Эта трагическая плата за поэзию проступает и в постоянном для Ахмадулиной мотиве муки, пытки творчеством: "Я измучила Упряжью шею. / Как другие несут письмена - / я не знаю, нет сил, не умею, / не могу отпустите меня". ("Это я. . . ", 1967). Как отмечал С. Чупринин, "трагически. . . в трепетный и теплый мир Ахмадулиной вступает тема творчества и неотлучная от нее тема немоты. Немоты, если можно так выразиться, "физиологической", немоты страха: ведь каждый звук, чтоб быть верным, должен быть обеспечен болью, и надо загодя накапливать муки, дабы свершилась "казнь расторжения горла и речи""*161.

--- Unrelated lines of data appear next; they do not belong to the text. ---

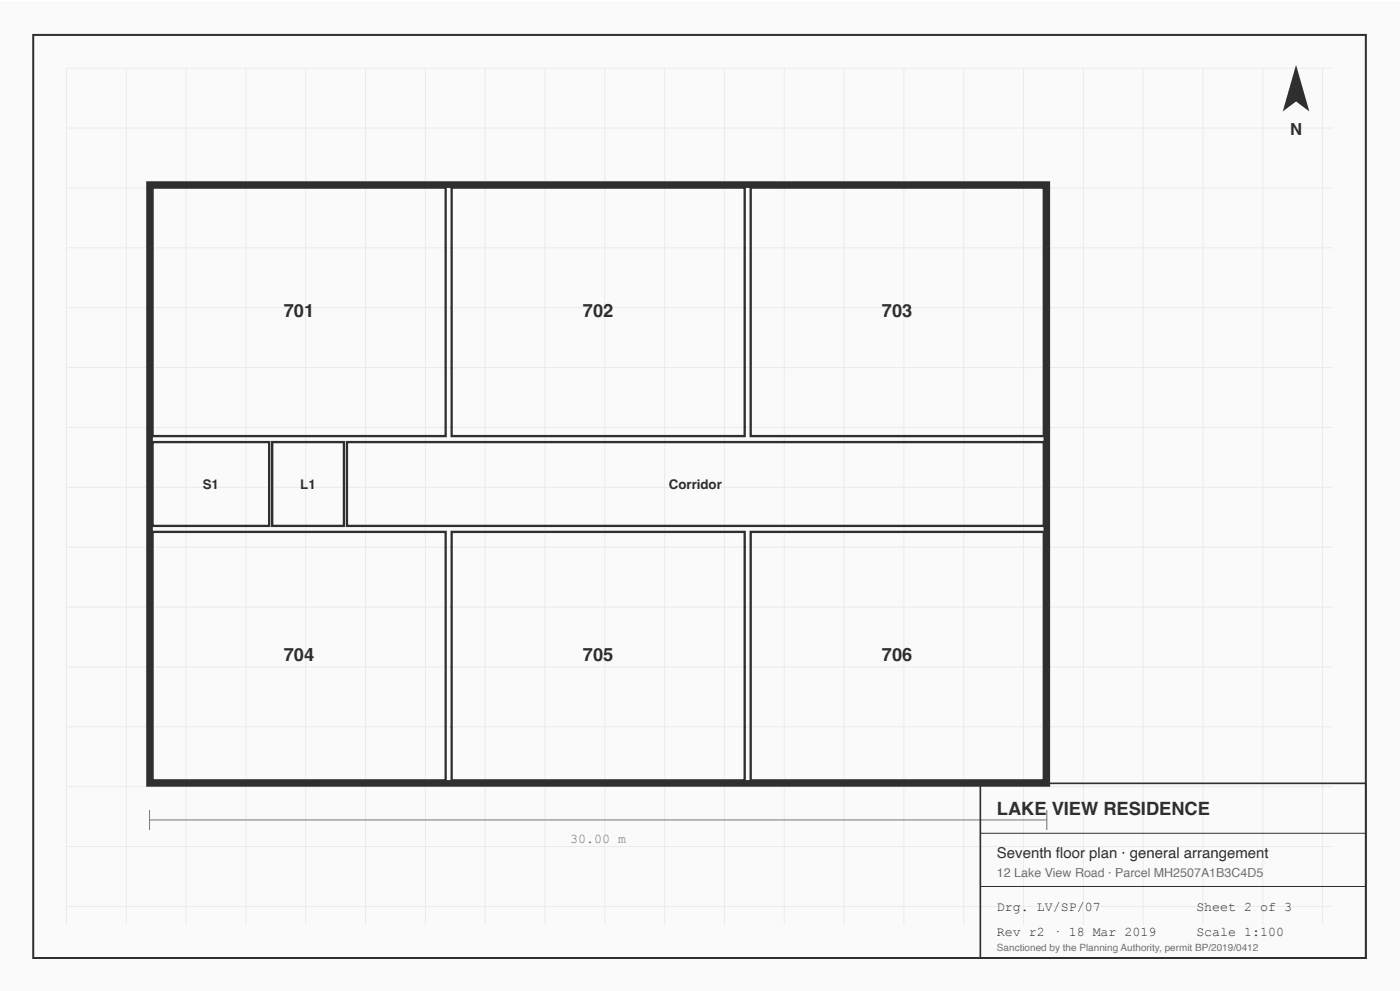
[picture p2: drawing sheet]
<svg xmlns="http://www.w3.org/2000/svg" width="223mm" height="158mm" viewBox="0 0 223 158" stroke-linecap="round" stroke-linejoin="round" font-family="sans-serif">
<defs><g id="words">
<g font-size="2.9" fill="#2b2f36">
<text x="45.2" y="50.4">701</text>
<text x="92.8" y="50.4">702</text>
<text x="140.4" y="50.4">703</text>
<text x="45.2" y="105.2">704</text>
<text x="92.8" y="105.2">705</text>
<text x="140.4" y="105.2">706</text>
<text x="158.7" y="129.6">LAKE VIEW RESIDENCE</text>
</g>
<text font-size="2.6" fill="#2b2f36" x="205.4" y="21.4">N</text>
<text font-size="2.4" fill="#2b2f36" x="158.7" y="136.5">Seventh fl oor plan · general arrangement</text>
<g font-size="2.1" fill="#2b2f36">
<text x="32.3" y="77.8">S1</text>
<text x="47.8" y="77.8">L1</text>
<text x="106.5" y="77.8">Corridor</text>
<text x="158.7" y="145">Drg. LV/SP/07</text>
<text x="158.7" y="149">Rev r2 · 18 Mar 2019</text>
<text x="190.5" y="145">Sheet 2 of 3</text>
<text x="190.5" y="149">Scale 1:100</text>
</g>
<text font-size="2.1" fill="#6b7280" x="90.8" y="134.1">30.00 m</text>
<text font-size="2" fill="#6b7280" x="158.7" y="139.4">12 Lake View Road · Parcel MH2507A1B3C4D5</text>
<text font-size="1.6" fill="#6b7280" x="158.7" y="151.3">Sanctioned by the Planning Authority, permit BP/2019/0412</text>
</g></defs>
<path d="M0 .3h222.8v157.4h-222.8z" fill="#fbfaf7"/>
<g fill="none" stroke="#ecebe6" stroke-width=".16">
<path d="M20.1 10.8v136.3M29.6 10.8v136.3M39.2 10.8v136.3M48.7 10.8v136.3M58.2 10.8v136.3M67.7 10.8v136.3M77.3 10.8v136.3M86.8 10.8v136.3M96.3 10.8v136.3M105.8 10.8v136.3M115.4 10.8v136.3M124.9 10.8v136.3"/>
<path d="M134.4 10.8v136.3M143.9 10.8v136.3M153.5 10.8v136.3M163 10.8v136.3M172.5 10.8v136.3M182 10.8v136.3M191.6 10.8v136.3M201.1 10.8v136.3M210.6 10.8v136.3M212.2 10.8h-201.6v136.3M10.6 20.4h201.6M10.6 29.9h201.6"/>
<path d="M10.6 39.4h201.6M10.6 48.9h201.6M10.6 58.5h201.6M10.6 68h201.6M10.6 77.5h201.6M10.6 87h201.6M10.6 96.6h201.6M10.6 106.1h201.6M10.6 115.6h201.6M10.6 125.1h201.6M10.6 134.7h201.6M10.6 144.2h201.6"/>
</g>
<path d="M5.3 5.6h212.2v146.8h-212.2z" fill="none" stroke="#2b2f36" stroke-width=".32"/>
<path d="M23.8 29.4h142.9v95.2h-142.9z" fill="none" stroke="#2b2f36" stroke-width="1.1" stroke-linecap="butt"/>
<path d="M24.3 29.8h46.7v39.6h-46.7zM71.9 29.8h46.7v39.6h-46.7zM119.5 29.8h46.7v39.6h-46.7zM24.3 70.3h18.6v13.4h-18.6zM43.3 70.3h11.5v13.4h-11.5zM55.2 70.3h111v13.4h-111zM24.3 84.6h46.7v39.5h-46.7zM71.9 84.6h46.7v39.5h-46.7zM119.5 84.6h46.7v39.5h-46.7z" fill="none" stroke="#2b2f36" stroke-width=".37"/>
<path d="M23.8 130.4h142.9M23.8 128.9v3.1M166.7 128.9v3.1" fill="none" stroke="#6b7280" stroke-width=".16"/>
<path d="M206.4 10.3l2.1 7.4-2.1-1.6-2.1 1.6z" fill="#2b2f36"/>
<path d="M156.1 124.6h61.4v27.8h-61.4z" fill="none" stroke="#2b2f36" stroke-width=".26"/>
<path d="M156.1 132.6h61.4M156.1 141h61.4" fill="none" stroke="#2b2f36" stroke-width=".16"/>
<use href="#words"/>
</svg>

Ахмадулина не скрывает страха перед трагической миссией поэт Она предпочитает роли "человека-невелички" ("Это я - человек невеличка, всем, кто есть, прихожусь близнецом. . . "), светской дамы, подруги всех своих друзей или, в крайнем случае, плакальщицы и послушницы в храме погибших поэтов. Но "привычка ставить слово после слова" превращается в "способ совести" -"и теперь от меня не зависит".

Александр Кушнер (р. 1936) переводит коллизии Ахмадулиной в план психологического реализма. И там, где у Ахмадулиной звучали романтические ламентации, у Кушнера звучит строгий мотив стоицизма. Точно об этом сказал Иосиф Бродский: "Поэтика Кушнера, говоря коротко, поэтика стоицизма, и стоицизм этот тем более убедителен и, я бы добавил, заражающ, что он не результат рационального выбора, но суть выдох или послесловие невероятно напряженной душевной деятельности"*162. Кушнеровский стоицизм абсолютно не романтичен, а, скорее, прозаичен. В отличие от Ахмадулиной, Кушнер сознательно избегает трагической позы и интонации ("трагическое миросозерцанье тем плохо, что оно высокомерно. . . "). Он не разделяет ахмадулинской веры в способность поэзии пересоздавать мир. Мироздание, по Кушнеру, выглядит холодным, лишенным опеки высших сил. Мотив экзистенциального одиночества, как бы продолжающий мотивы лирики И. Анненского, звучит у Кушнера с редким постоянством: ". . . но бога не было вверху, / Чтоб оправдать тщету земную. <...> Соломки не было такой, / Чтоб, ухватившись, задержаться", - это из сборника "Приметы" (1969). А вот из книги "Таврический сад" (1984): "Как в мире холодно! Метель взбивает пену. / Не возвратит никто погибшего стиха"; ". . . но так же нет защиты, / И колет тот же луч, и дышит та же тьма"; "человек недоволен: по-прежнему плохо со смыслом/ жизни; нечем помочь человеку. . . " Если в ранних стихах еще звучала надежда найти смысл бытия в повторах, в некоем надысторическом ритме, пронизывающем времена ("Два наводненья, с разницей в сто лет, / Не проливают ли какой-то свет/ На смысл всего?"), то позднее, в 1970-е и 1980-е годы, повторяемость воспринимается Кушнером как знак безнадежности: "А воз и ныне там, где был он найден нами. / Что делать? Вылеплен так грубо человек. Он не меняется с веками. . . Известно каждому, что входит в ту поклажу:/ Любоначалие, жестокость, зависть, лесть. . . "; а поиски высшего смысла бытия пресекаются с нескрываемым раздражением: "Где же смысл? Нету смысла. Без паники!/ Еще раз - разговор ни о чем!"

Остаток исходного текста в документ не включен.